Yes. Keys already in the target case are returned unchanged and not counted as renamed, so the operation is idempotent on the casing dimension.
How do I apply this to millions of MongoDB documents?
Use the casing transform here to confirm the exact old→new key names, then script db.collection.updateMany({}, { $rename: { oldKey: newKey, ... } }). Test on a _id-filtered subset first.
What about records that use a mix of old and new field names?
Normalizing to the new case unifies them. But watch for collisions: if both userId and user_id exist in one document, one will be dropped. Filter and reconcile those before the bulk run.
Does it change values, like rewriting a token format?
No — only keys. Token and secret values pass through unchanged.
Can I paste a sample instead of uploading?
The tool reads a dropped file. Save the sample as a .json file and drop it on the dropzone.

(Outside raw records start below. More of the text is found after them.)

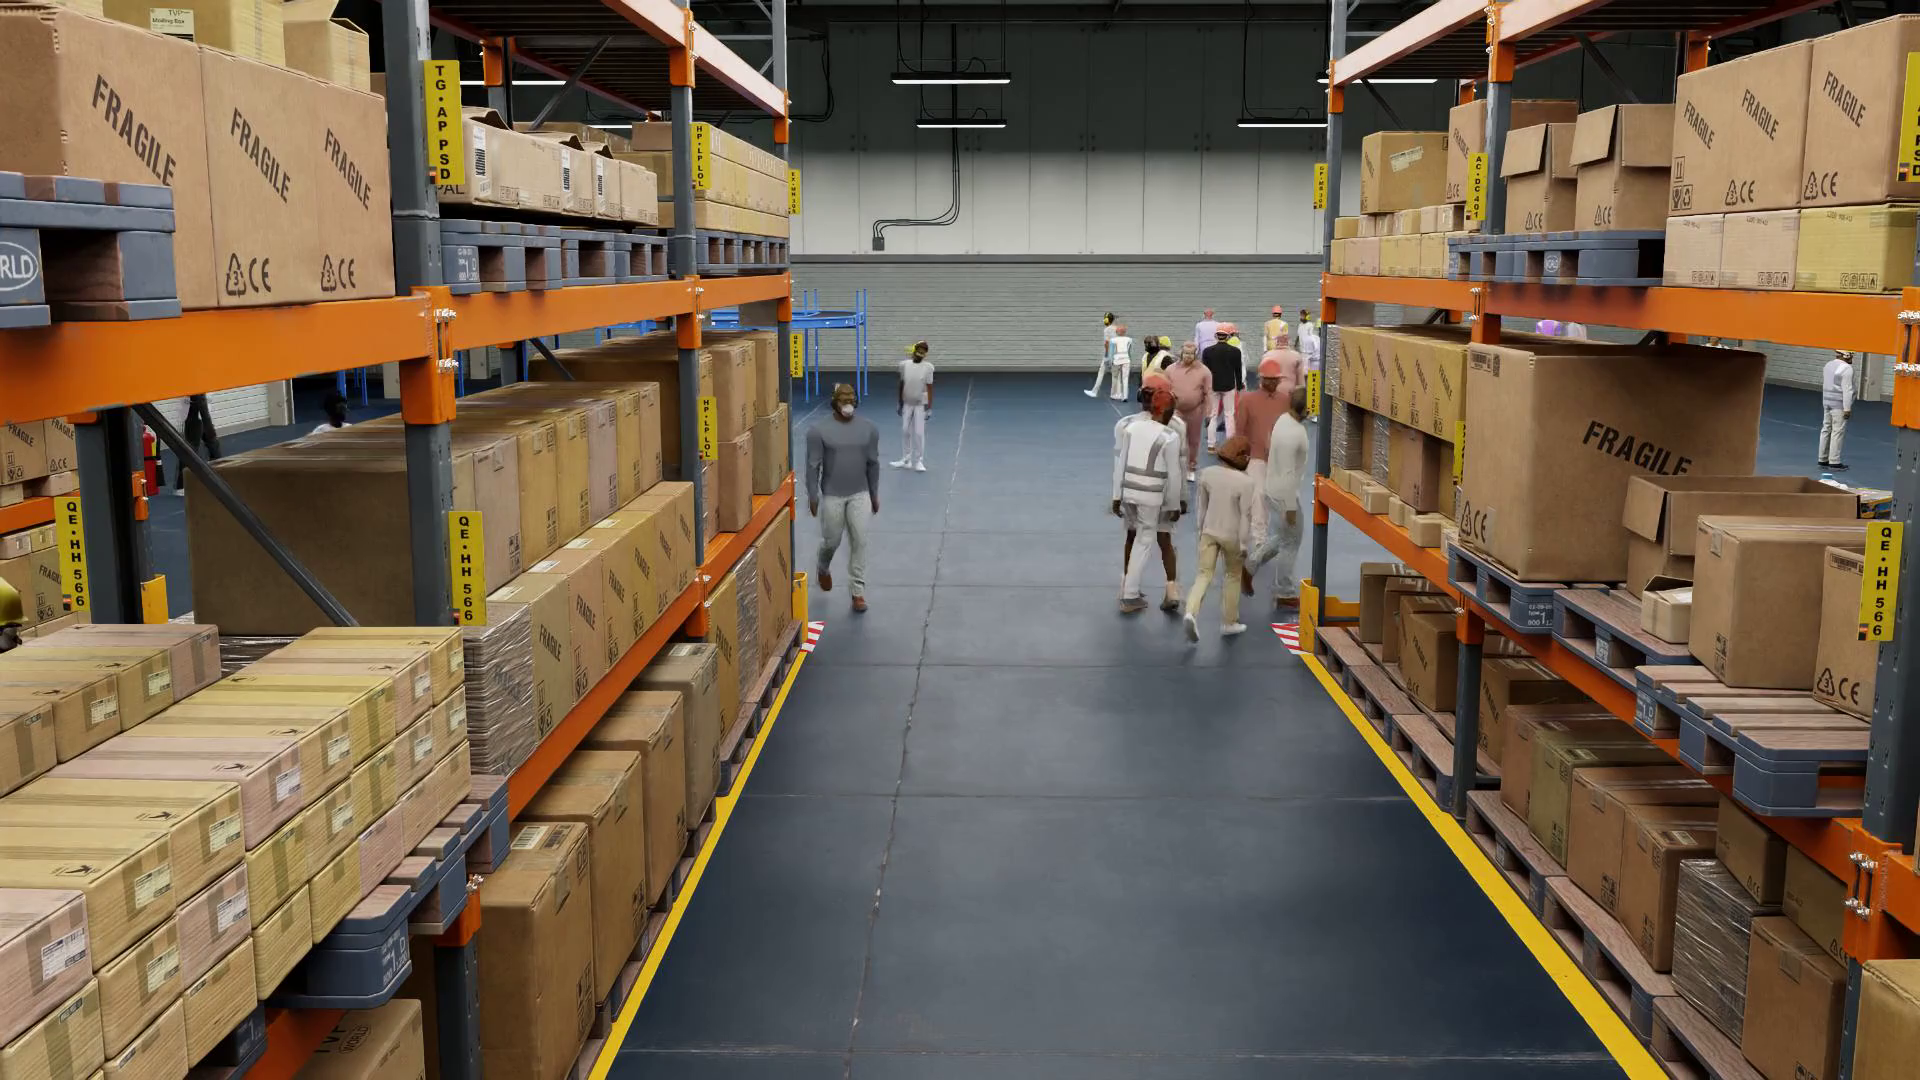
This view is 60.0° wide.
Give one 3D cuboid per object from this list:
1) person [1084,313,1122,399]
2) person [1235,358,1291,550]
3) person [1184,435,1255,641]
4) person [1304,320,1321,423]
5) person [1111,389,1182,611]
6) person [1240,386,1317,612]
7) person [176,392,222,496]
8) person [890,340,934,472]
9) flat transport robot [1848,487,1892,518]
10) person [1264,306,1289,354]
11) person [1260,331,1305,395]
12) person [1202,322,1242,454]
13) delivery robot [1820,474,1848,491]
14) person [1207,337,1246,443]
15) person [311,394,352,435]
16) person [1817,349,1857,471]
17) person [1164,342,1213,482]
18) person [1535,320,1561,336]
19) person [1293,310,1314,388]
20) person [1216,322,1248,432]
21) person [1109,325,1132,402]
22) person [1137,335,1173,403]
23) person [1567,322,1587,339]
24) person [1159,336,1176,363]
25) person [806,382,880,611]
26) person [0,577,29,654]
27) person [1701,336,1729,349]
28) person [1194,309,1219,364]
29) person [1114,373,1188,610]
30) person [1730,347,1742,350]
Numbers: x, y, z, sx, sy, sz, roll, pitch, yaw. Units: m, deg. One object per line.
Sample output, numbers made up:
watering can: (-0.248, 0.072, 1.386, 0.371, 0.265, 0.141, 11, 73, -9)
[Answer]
person: (3.108, -3.939, 35.585, 0.872, 1.830, 0.563, 7, 12, 37)
person: (3.060, -0.811, 16.437, 0.637, 1.949, 0.953, -1, 10, -6)
person: (1.991, -0.015, 12.769, 0.533, 1.587, 0.762, 7, 12, 38)
person: (6.553, -3.031, 29.890, 0.622, 1.900, 0.749, -5, 11, -26)
person: (1.582, -0.337, 13.904, 0.567, 1.856, 0.611, -8, 12, -38)
person: (2.644, -0.346, 13.824, 0.618, 1.904, 0.684, 2, 10, 9)
person: (-9.413, -1.484, 20.750, 0.870, 1.871, 0.606, -2, 10, -14)
person: (-0.680, -1.877, 23.236, 0.687, 1.829, 0.433, 4, 10, 23)
flat transport robot: (10.518, -0.442, 19.411, 1.431, 0.197, 0.652, -8, 12, -38)
person: (7.293, -4.401, 38.103, 0.574, 1.897, 0.886, 6, 11, 31)
person: (4.850, -2.211, 25.119, 0.682, 1.872, 0.782, 4, 10, 24)
person: (3.981, -2.307, 25.302, 0.621, 1.992, 0.397, 2, 10, 14)
delivery robot: (9.694, -0.499, 18.623, 0.477, 0.478, 0.707, 7, 12, 37)
person: (4.329, -2.400, 26.710, 0.556, 1.722, 0.948, -5, 11, -28)
person: (-5.911, -0.573, 15.932, 0.860, 1.644, 0.551, 5, 11, 27)
person: (12.342, -1.897, 23.366, 0.403, 1.824, 0.596, 0, 9, -3)
person: (2.967, -1.650, 21.785, 0.667, 1.847, 0.992, 2, 10, 10)
person: (13.310, -4.352, 37.707, 0.552, 1.942, 0.342, 3, 10, 16)
person: (7.663, -4.259, 37.471, 0.844, 1.832, 0.536, -3, 10, -16)
person: (4.867, -2.800, 28.610, 0.954, 1.889, 0.579, 4, 10, 20)
person: (3.372, -3.706, 34.905, 0.494, 1.587, 0.900, -1, 9, -4)
person: (3.043, -2.300, 25.909, 0.983, 1.785, 0.635, -6, 11, -31)
person: (14.097, -4.296, 37.851, 0.648, 1.784, 0.957, -8, 12, -40)
person: (3.193, -2.394, 26.636, 0.534, 1.738, 0.848, 8, 12, 38)
person: (-1.004, -0.392, 14.097, 0.635, 1.921, 0.738, -3, 10, -18)
person: (-3.328, 1.029, 5.820, 0.587, 1.828, 0.404, 0, 9, 2)
person: (12.461, -2.617, 27.604, 0.507, 1.846, 0.336, 5, 11, 26)
person: (5.601, -4.265, 37.448, 0.670, 1.862, 0.988, 0, 9, 2)
person: (1.617, -0.421, 14.072, 0.647, 1.986, 0.941, 0, 9, 0)
person: (11.760, -2.127, 25.361, 0.506, 1.618, 0.504, -6, 11, -30)

Which case styles are available?
camelCase, snake_case, PascalCase, kebab-case, and UPPER_SNAKE — pick whichever the new SDK version standardizes on.
How big a sample can I test?
Up to 2 MB on free, 100 MB on Pro, more on higher tiers — enough to cover every field variant in most APIs.
Is migration data uploaded?
No. All renaming runs in your browser; tokens, keys, and user records never reach JAD Apps servers.
Where do I see how many keys changed?
After running, the tool reports the renamed key count, which is a quick sanity check that the casing migration actually did something on your sample.
Privacy first
Conversion runs locally in your browser. No file is uploaded — only metadata counters are saved for signed-in dashboard stats.